** GIVEN RECORDS follows **
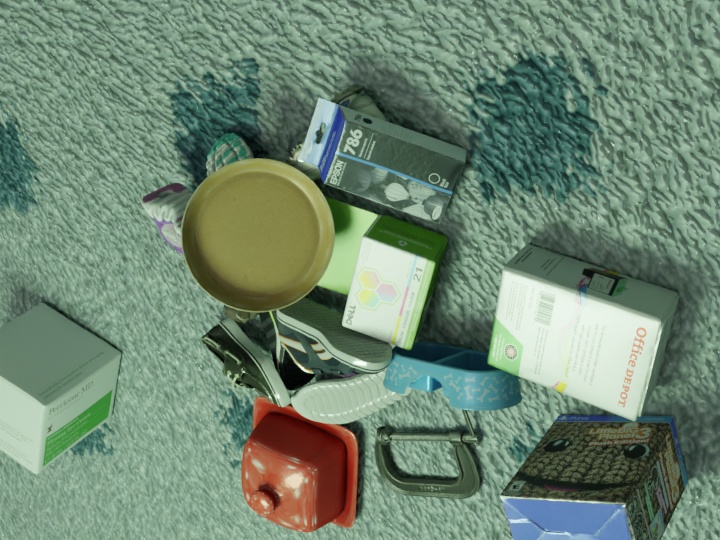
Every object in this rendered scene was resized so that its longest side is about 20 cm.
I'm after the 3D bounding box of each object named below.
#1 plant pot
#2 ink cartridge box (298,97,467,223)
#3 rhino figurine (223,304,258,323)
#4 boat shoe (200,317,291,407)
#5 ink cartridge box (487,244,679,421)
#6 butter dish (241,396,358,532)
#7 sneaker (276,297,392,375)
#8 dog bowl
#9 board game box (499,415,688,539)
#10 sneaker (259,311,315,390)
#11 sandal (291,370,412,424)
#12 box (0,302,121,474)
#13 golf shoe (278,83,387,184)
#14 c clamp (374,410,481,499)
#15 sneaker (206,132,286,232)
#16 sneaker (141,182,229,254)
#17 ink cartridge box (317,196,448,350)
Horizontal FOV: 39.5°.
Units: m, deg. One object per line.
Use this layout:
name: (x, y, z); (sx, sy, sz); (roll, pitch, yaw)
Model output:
plant pot: (-0.134, -0.046, 1.313); (0.199, 0.027, 0.201); (-1, 96, -10)
ink cartridge box: (0.024, -0.137, 1.262); (0.199, 0.039, 0.100); (19, 126, -2)
rhino figurine: (-0.186, -0.017, 1.459); (0.087, 0.060, 0.201); (135, 121, -70)
boat shoe: (-0.175, 0.150, 1.521); (0.200, 0.064, 0.071); (41, 156, 42)
ink cartridge box: (0.268, 0.073, 1.221); (0.200, 0.084, 0.145); (20, 123, 25)
butter dish: (-0.116, 0.327, 1.563); (0.200, 0.148, 0.200); (17, 122, 26)
sneaker: (-0.036, 0.107, 1.392); (0.200, 0.078, 0.080); (27, 128, 37)
dog bowl: (0.120, 0.136, 1.332); (0.200, 0.111, 0.050); (8, 104, 39)
board game box: (0.290, 0.267, 1.229); (0.159, 0.200, 0.097); (-6, 109, 35)
sneaker: (-0.111, 0.081, 1.505); (0.083, 0.072, 0.201); (33, 135, 53)
sandal: (-0.007, 0.177, 1.484); (0.202, 0.050, 0.083); (-16, 118, 25)
box: (-0.564, 0.202, 1.763); (0.200, 0.199, 0.172); (28, 125, 17)
golf shoe: (-0.036, -0.146, 1.323); (0.097, 0.078, 0.200); (44, 130, 0)
c clamp: (0.097, 0.263, 1.472); (0.200, 0.027, 0.171); (-12, 111, 35)
sneaker: (-0.148, -0.105, 1.417); (0.078, 0.091, 0.200); (-35, 67, 12)
sneaker: (-0.232, -0.056, 1.409); (0.200, 0.080, 0.089); (29, 140, 50)
ink cartridge box: (0.000, 0.000, 1.344); (0.199, 0.076, 0.148); (19, 123, 10)
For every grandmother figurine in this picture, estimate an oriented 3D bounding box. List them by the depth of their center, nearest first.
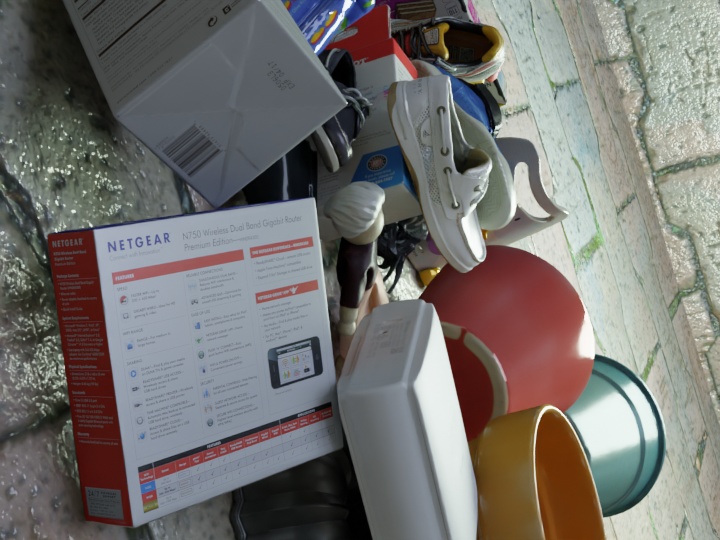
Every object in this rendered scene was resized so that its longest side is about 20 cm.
[{"bbox_3d":[0.000,0.000,1.110,0.201,0.060,0.122,89,-3,-47],"label":"grandmother figurine"}]

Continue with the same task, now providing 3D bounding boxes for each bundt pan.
[{"bbox_3d":[-0.020,0.203,1.003,0.202,0.075,0.204,45,37,-49],"label":"bundt pan"}]

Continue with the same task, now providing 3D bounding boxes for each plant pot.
[{"bbox_3d":[0.107,0.238,1.136,0.200,0.181,0.202,45,37,-49],"label":"plant pot"},{"bbox_3d":[0.116,0.092,1.274,0.177,0.199,0.203,-29,102,-56],"label":"plant pot"},{"bbox_3d":[0.227,0.204,1.456,0.195,0.198,0.203,-3,78,-59],"label":"plant pot"}]

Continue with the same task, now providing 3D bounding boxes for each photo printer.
[{"bbox_3d":[0.042,0.144,0.959,0.167,0.069,0.202,-67,146,-68],"label":"photo printer"}]

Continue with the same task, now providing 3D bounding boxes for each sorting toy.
[{"bbox_3d":[0.130,-0.075,1.397,0.201,0.178,0.108,55,29,-38],"label":"sorting toy"}]

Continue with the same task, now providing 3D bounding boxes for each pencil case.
[{"bbox_3d":[-0.068,-0.179,1.004,0.201,0.086,0.078,-51,122,-19],"label":"pencil case"}]

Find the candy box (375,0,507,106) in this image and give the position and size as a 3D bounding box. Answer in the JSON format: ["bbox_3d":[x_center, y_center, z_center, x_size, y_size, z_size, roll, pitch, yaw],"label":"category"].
[{"bbox_3d":[0.069,-0.260,1.428,0.201,0.135,0.061,60,21,-29],"label":"candy box"}]

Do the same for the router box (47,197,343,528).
[{"bbox_3d":[-0.100,0.052,0.831,0.199,0.048,0.182,-11,96,-49],"label":"router box"}]

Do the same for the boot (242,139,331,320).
[{"bbox_3d":[-0.082,-0.039,1.007,0.200,0.075,0.170,28,53,-67],"label":"boot"}]

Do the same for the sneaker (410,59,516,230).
[{"bbox_3d":[0.117,-0.125,1.277,0.111,0.077,0.201,4,46,-52],"label":"sneaker"}]

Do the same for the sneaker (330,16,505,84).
[{"bbox_3d":[0.059,-0.241,1.337,0.082,0.197,0.079,119,-32,-78],"label":"sneaker"}]

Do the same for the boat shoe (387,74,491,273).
[{"bbox_3d":[0.087,-0.085,1.144,0.071,0.068,0.201,-78,149,-52],"label":"boat shoe"}]

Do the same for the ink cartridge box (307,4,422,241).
[{"bbox_3d":[-0.004,-0.142,1.209,0.067,0.115,0.202,41,40,-55],"label":"ink cartridge box"}]

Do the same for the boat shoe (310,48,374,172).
[{"bbox_3d":[-0.023,-0.151,1.107,0.201,0.062,0.073,-107,176,-61],"label":"boat shoe"}]

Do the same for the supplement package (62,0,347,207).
[{"bbox_3d":[-0.118,-0.169,0.867,0.121,0.119,0.201,44,13,-50],"label":"supplement package"}]

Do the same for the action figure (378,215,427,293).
[{"bbox_3d":[0.033,-0.085,1.281,0.119,0.101,0.203,17,57,-61],"label":"action figure"}]
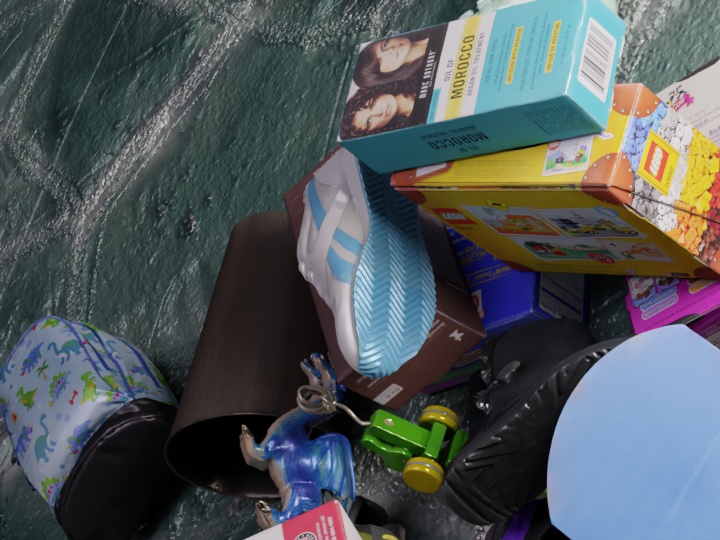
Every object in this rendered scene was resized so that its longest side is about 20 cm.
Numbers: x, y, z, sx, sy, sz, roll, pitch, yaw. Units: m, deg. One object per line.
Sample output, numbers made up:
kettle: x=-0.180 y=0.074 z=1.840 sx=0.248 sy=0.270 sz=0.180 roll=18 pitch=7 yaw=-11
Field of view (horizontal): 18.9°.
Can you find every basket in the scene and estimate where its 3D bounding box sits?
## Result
basket: x=-0.071 y=0.065 z=1.790 sx=0.180 sy=0.135 sz=0.201 roll=-30 pitch=42 yaw=48

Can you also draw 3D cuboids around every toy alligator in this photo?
toy alligator: x=0.043 y=0.136 z=1.605 sx=0.054 sy=0.198 sz=0.060 roll=107 pitch=-177 yaw=-53

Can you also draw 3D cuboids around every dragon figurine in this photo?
dragon figurine: x=-0.032 y=0.156 z=1.626 sx=0.059 sy=0.099 sz=0.202 roll=104 pitch=153 yaw=-70

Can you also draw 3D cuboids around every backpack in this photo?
backpack: x=-0.244 y=0.131 z=1.954 sx=0.164 sy=0.153 sz=0.200 roll=-54 pitch=25 yaw=19

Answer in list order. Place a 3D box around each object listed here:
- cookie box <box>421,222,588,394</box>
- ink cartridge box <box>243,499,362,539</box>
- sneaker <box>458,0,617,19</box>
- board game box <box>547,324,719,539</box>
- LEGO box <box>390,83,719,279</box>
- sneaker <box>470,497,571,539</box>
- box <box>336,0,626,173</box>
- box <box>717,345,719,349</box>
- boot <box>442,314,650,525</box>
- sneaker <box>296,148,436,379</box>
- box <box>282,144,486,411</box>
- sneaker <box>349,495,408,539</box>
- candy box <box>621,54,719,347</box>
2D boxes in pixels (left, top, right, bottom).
cookie box: x=0.095 y=-0.023 z=1.694 sx=0.170 sy=0.075 sz=0.202 roll=-19 pitch=55 yaw=40
ink cartridge box: x=-0.079 y=0.271 z=1.525 sx=0.199 sy=0.086 sz=0.148 roll=-25 pitch=37 yaw=9
sneaker: x=0.124 y=-0.219 z=1.784 sx=0.199 sy=0.074 sz=0.119 roll=-13 pitch=64 yaw=33
board game box: x=0.216 y=0.133 z=1.376 sx=0.200 sy=0.039 sz=0.159 roll=37 pitch=105 yaw=29
LEGO box: x=0.146 y=-0.060 z=1.491 sx=0.199 sy=0.149 sz=0.078 roll=3 pitch=68 yaw=45
sneaker: x=0.114 y=0.247 z=1.478 sx=0.099 sy=0.069 sz=0.202 roll=-8 pitch=61 yaw=44
box: x=0.079 y=-0.124 z=1.446 sx=0.199 sy=0.049 sz=0.083 roll=-9 pitch=58 yaw=42
box: x=0.267 y=0.133 z=1.407 sx=0.161 sy=0.049 sz=0.201 roll=-42 pitch=40 yaw=17
boot: x=0.143 y=0.075 z=1.507 sx=0.200 sy=0.076 sz=0.168 roll=-38 pitch=15 yaw=27
sneaker: x=0.000 y=0.000 z=1.565 sx=0.081 sy=0.076 sz=0.201 roll=-39 pitch=39 yaw=35
box: x=0.015 y=-0.005 z=1.656 sx=0.100 sy=0.075 sz=0.201 roll=-41 pitch=46 yaw=24
sneaker: x=0.013 y=0.236 z=1.627 sx=0.085 sy=0.074 sz=0.200 roll=-55 pitch=38 yaw=7
candy box: x=0.249 y=-0.043 z=1.542 sx=0.136 sy=0.061 sz=0.201 roll=-31 pitch=48 yaw=32
** End of GIVEN RECORDS **
ACTIVITY: Within the listing above, the range opens at the line with "#2 ink cartridge box (298,97,467,223)" and closes at the line with "name: (x, y, z);". Reproduce exactly the lines of that range, including both ends.

ANSWER SPACE:
#2 ink cartridge box (298,97,467,223)
#3 rhino figurine (223,304,258,323)
#4 boat shoe (200,317,291,407)
#5 ink cartridge box (487,244,679,421)
#6 butter dish (241,396,358,532)
#7 sneaker (276,297,392,375)
#8 dog bowl
#9 board game box (499,415,688,539)
#10 sneaker (259,311,315,390)
#11 sandal (291,370,412,424)
#12 box (0,302,121,474)
#13 golf shoe (278,83,387,184)
#14 c clamp (374,410,481,499)
#15 sneaker (206,132,286,232)
#16 sneaker (141,182,229,254)
#17 ink cartridge box (317,196,448,350)
Horizontal FOV: 39.5°.
Units: m, deg. One object per line.
Use this layout:
name: (x, y, z); (sx, sy, sz); (roll, pitch, yaw)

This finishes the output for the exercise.